Évidemment, malgré les appels à ne pas faire d’amalgame entre terrorisme et musulmans, cela ne fait pas un pli, on sait à qui va profiter le crime dans une Europe où l’islamophobie est à son comble, notamment en France avec le succès des Finkielkraut, Zemmour, Houellebecq et la montée du Front National. On le voit avec les crétins qui accusent immédiatement le Coran, rien que ça, d’être le véritable coupable de la tuerie ! Ce ne sont plus des caricatures cette fois mais un livre qui serait maléfique. Au moins, il n’y a pas à s’embêter avec des causes plus concrètes et complexes, le simplisme est bien plus satisfaisant pour l’esprit et pour protéger les si gentils chrétiens que nous sommes, pleins d’amour et d’ouverture à l’autre, contrairement à ces chiens de musulmans. Il serait bien justifié de massacrer ces barbares, au moins de les renvoyer « chez eux » sinon les parquer dans des camps.

C’est, bien sûr, l’histoire de la paille et la poutre dont Norbert Elias précise le mécanisme dans « Logiques de l’exclusion » par le fait qu’on s’identifie aux meilleurs de notre camp alors qu’on identifie les autres à leurs pires représentants (délinquants). Je suis toujours très surpris de devoir rappeler ce mécanisme et qu’il ne soit pas plus connu et admis. C’est qu’il dérange trop notre narcissisme et les discours obligés à la gloire du pays et de notre haute civilisation (nos valeurs humanistes comme si les autres n’en avaient pas !). Notre histoire n’est pourtant pas dépourvue de massacres à grande échelle (notamment colonialistes) et on a beau jeu de prétendre que la religion chrétienne ne serait pas guerrière, contrairement au Coran qui encourage effectivement le combat pour sa foi, alors que c’est quand même la guerre qui a converti Constantin (« In hoc signo vinces ») et donc tout l’Empire au christianisme. De plus, l’Europe chrétienne a été sans doute la région du monde qui a généré le plus de guerres et colonisé le plus de territoires. Croisades et inquisition font certainement partie de notre passé mais on ne peut accuser là-dessus les musulmans que d’un certain retard sur nous, non d’une différence d’essence. Les plus chrétiens aujourd’hui, sont les États-Unis où l’on ne peut occuper certains postes officiels si l’on n’est pas croyant, puissance armée jusqu’aux dents qui est si peu pacifique que l’islamisme s’est en grande partie constitué en réaction.
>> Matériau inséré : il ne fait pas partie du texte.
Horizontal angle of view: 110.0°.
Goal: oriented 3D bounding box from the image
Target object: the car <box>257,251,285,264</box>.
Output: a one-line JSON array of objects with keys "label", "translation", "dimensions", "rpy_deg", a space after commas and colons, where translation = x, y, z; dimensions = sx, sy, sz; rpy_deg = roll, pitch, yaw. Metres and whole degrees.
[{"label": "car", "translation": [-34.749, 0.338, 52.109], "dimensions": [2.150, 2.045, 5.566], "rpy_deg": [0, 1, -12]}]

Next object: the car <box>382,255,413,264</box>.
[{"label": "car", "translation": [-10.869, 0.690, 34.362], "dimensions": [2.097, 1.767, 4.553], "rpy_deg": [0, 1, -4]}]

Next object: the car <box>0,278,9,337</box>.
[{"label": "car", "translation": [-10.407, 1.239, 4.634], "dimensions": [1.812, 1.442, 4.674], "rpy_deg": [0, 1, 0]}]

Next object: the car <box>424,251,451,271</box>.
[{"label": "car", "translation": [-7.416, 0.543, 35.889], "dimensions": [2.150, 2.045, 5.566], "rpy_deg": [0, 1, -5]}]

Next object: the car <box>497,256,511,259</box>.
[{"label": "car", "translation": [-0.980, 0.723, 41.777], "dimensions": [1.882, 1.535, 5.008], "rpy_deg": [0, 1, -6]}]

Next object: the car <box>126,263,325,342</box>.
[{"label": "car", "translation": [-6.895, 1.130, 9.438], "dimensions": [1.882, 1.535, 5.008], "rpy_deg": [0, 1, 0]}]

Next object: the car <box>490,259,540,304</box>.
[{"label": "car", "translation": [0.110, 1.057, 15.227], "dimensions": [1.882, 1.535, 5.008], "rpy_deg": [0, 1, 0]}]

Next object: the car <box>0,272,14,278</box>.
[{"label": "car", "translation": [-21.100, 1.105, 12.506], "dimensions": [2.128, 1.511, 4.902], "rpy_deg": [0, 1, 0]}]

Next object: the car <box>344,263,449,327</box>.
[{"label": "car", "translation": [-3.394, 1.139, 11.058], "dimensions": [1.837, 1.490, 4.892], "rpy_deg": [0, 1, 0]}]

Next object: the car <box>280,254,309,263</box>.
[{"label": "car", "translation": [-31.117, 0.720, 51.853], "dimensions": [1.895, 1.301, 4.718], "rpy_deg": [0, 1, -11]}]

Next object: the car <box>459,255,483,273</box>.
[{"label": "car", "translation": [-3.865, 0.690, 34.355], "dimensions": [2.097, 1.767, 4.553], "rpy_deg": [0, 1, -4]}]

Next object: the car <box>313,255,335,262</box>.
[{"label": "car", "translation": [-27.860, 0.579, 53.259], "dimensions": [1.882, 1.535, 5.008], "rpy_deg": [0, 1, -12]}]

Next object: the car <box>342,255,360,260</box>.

Certes, le message d’amour de l’évangile semble y contredire (mais il y a dans l’ancien testament des appels au massacre, à « passer par l’anathème »), de même que l’idéal communiste était en contradiction avec le socialisme réel, mais ce qui compte, c’est bien le résultat Dans « Le Prince », Machiavel souligne d’ailleurs la nécessité pour une religion d’utiliser la violence  : « Tous les prophètes armés sont vainqueurs, tandis que les prophètes désarmés courent à leur perte ». Que le message se veuille de non-violence ne change rien à l’affaire (la non-violence entre nous étant parfaitement compatible avec la violence envers les autres). La conversion à l’Islam des populations chrétiennes du Moyen-Orient doit d’ailleurs beaucoup à la violence des querelles byzantines sur la vraie nature du Christ où les iconoclastes poursuivaient les adorateurs des images un jour pour se retourner contre les iconoclastes à l’occasion d’un changement de mode et de pouvoir, etc. En tout cas, jusqu’à la Révolution Française, il n’y a pratiquement pas de religion séparée du politique (sinon les Juifs une fois dispersés). Les habitants d’un pays ont la religion de leur prince et même les hérésies naissent sur des revendications politiques (fiscales souvent) et dégénèrent en conflit armé.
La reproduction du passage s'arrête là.